ELEC-D7010 Engineering for Humans

Lecture 9 - Experimental Methods

Aurélien Nioche

Aalto University

 Learning objectives


Learn by a series of examples the elementary rules of experimentation, and the main threats to validity

Define a research problem & the hypothesis

The research problem constitutes the question(s) you aim to answer.

The hypothesis constitute(s) the answer(s) to this(these) possible question(s).

 Important


Strong restriction: the hypothesis has to be a falsifiable statement (Popper, 1959 as a response to the problem of induction of Hume, 1739-40)

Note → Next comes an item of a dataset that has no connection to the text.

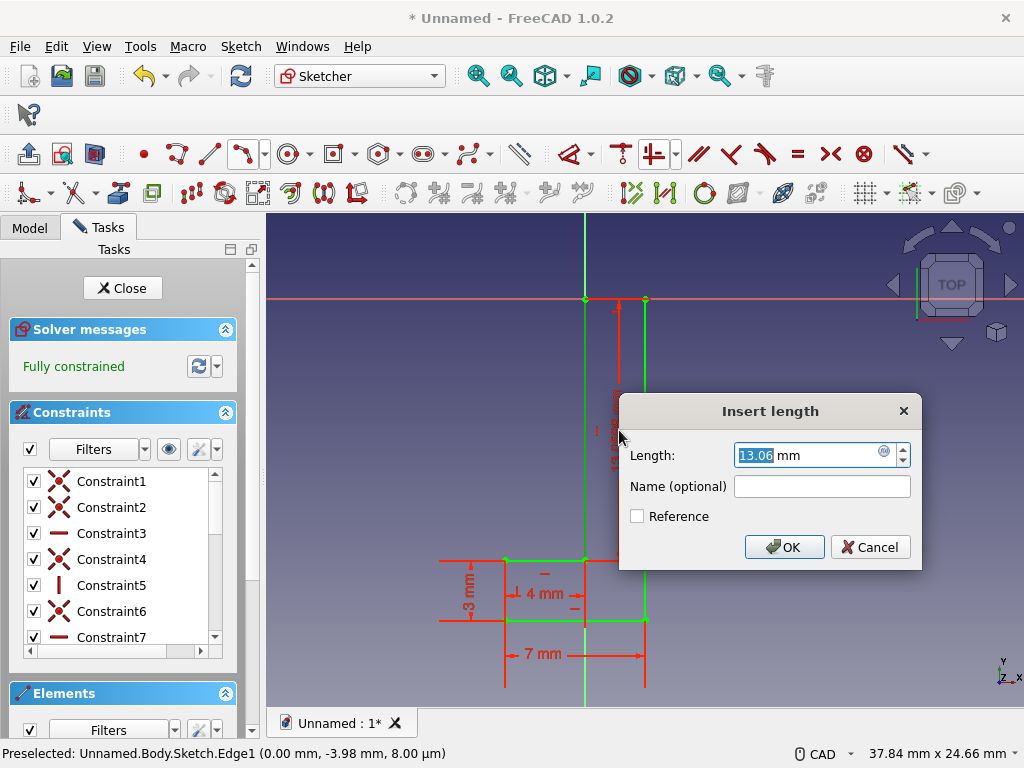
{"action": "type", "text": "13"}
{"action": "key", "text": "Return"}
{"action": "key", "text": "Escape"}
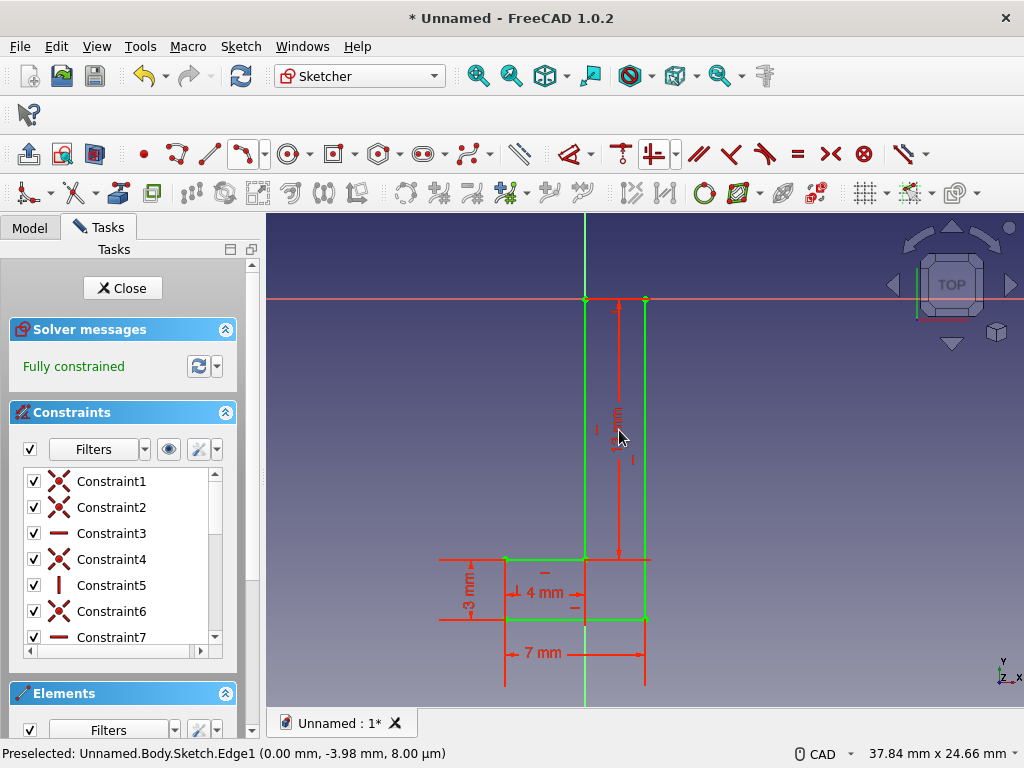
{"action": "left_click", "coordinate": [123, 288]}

For a contextualized explanation, you can refer to the Stanford Encyclopedia: Andersen, Hanne and Brian Hepburn, "Scientific Method", The Stanford Encyclopedia of Philosophy (Summer 2016 Edition), Edward N. Zalta (ed.), URL = https://plato.stanford.edu/archives/sum2016/entries/scientific-method/.

H: "All swans are white"


H: "Most people do not really want freedom, because freedom involves responsibility, and most people are frightened of responsibility."

Is this statement falsifiable?


Examples of non falsifiable statements:

  • tautologies
  • vague open-ended statements

Note: do not cofound *working* hypothesis and *testing* hypothesis

 Important


Be aware of the confirmation bias

...but even using a scientific method, we can be tempted...

Operationalize

Operationalize: express or define (something) in terms of the operations used to determine or prove it.

Differentiate:
  • Dependent variable: what we measure
  • Independent variable: what we manipulate

Let's take an example:


Let's assume that I want to test the hypothesis that the gain in speed using a swipe typing keyboard is depending on the age of the user.

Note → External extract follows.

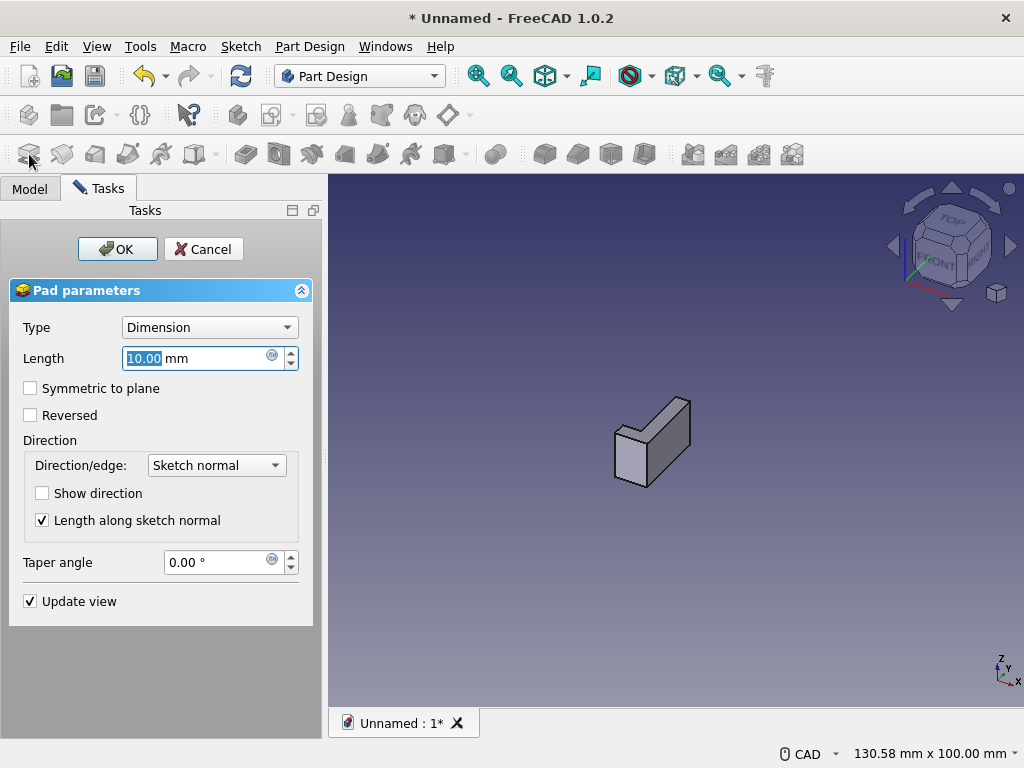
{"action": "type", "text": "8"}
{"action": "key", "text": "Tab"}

Several operationalizations are possible but here is one:

  • Dependent variable: Word Per Minute (WPS) on a typing test.
  • Independent variable: Age group (15-20, 20-25, etc.).

Note: they can be several dependant and independant variables


An experiment is a comparison, so...

 Important


Choose carefully your baseline and your control, in order to have interpretable results.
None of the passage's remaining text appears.